I think every intelligent Filipino owes it to himself to understand this question, because it applies not only to Daniel Smith, but to every criminally accused person, like our friend, Ellen Tordesillas, or Ricky Carandang, should they be found guilty of libel.

It is a basic matter of Civics 101 though for this very fundamental principle to be more commonly understood.

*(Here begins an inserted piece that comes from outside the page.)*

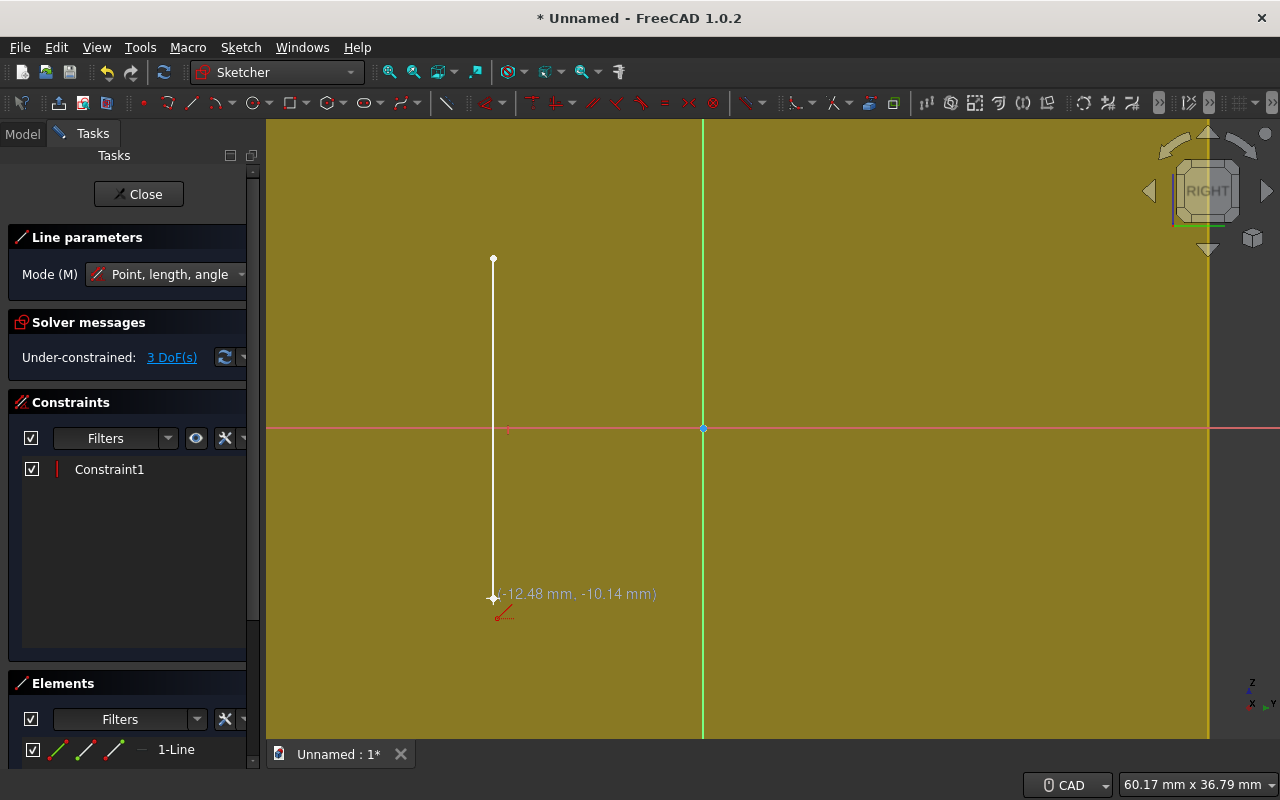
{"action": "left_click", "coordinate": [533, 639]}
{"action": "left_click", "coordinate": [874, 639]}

Our justice system would not make sense to me any more if we saw the Appeals process as some kind of afterthought to tidy up some small details or formalities.

But ask yourself this, why is it that there are progressively more Judges involved at each stage, (5 in the CA, 15 in the SC), studying, deliberating and deciding the case, usually for a far longer time than the trial?

I think it has something to do with the principle that we would rather a hundred guilty men go scot free than a single innocent man suffer unjustly!

And so, the life imprisonment of a man ought not to be in the hands of Pozon alone! And it surely is not!

Rizalist said...

The more one thinks about it, the more absurd it is to think that the guilt of the accused is decided SOLELY by the Trial Judge, that his decision must be "overturned" and not "affirmed". In the CA, there has to be a vote of three judges for the RTC verdict to be affirmed, not just one judge. And in the Supreme Court, that august collegial body of justices must concur in the RTC and CA rulings in ALL their details. How can Pozon's "decision" outweight them all?? Why all the bother if it did?

Jego said...

Very enlightening, Rizalist. Your points certainly should be part of every watercooler discussion as indeed the presumption of innocence is an important question. I'll be keeping tabs on what the blawgers say about this issue.

Tom said...

I have a sneaking suspicion that some bloggers' opinion on this matter is somewhat affected by who the accused is. I am personally hoping that Arroyo's lawsuit against the journalists does not prosper. But if it, God forbid, does and he prevails, and the journalists are found guilty, it would be interesting to see how the regulars in ET's blog would react to the same question.

engineerOFW said...

Based on (1) Smith admitted to sexual penetration and (2) noting Nicole was extremely drunk at the moment of penetration, Pozon concluded that Nicole was unable to signify whether or not she consenteded, and Pozon concluded that Smith committed rape.

My expectation is that Court of Appeals will note that for hours before they entered the van, Nicole had been agreeing to the hugging and kissing and groping and sexual signals. Nicole had been giving consent for many hours before the penetration; there is no evidence that she withdrew her consent for sexual penetration... my expectation is that the PHilippine court of Appeals will reverse Pozon's decision.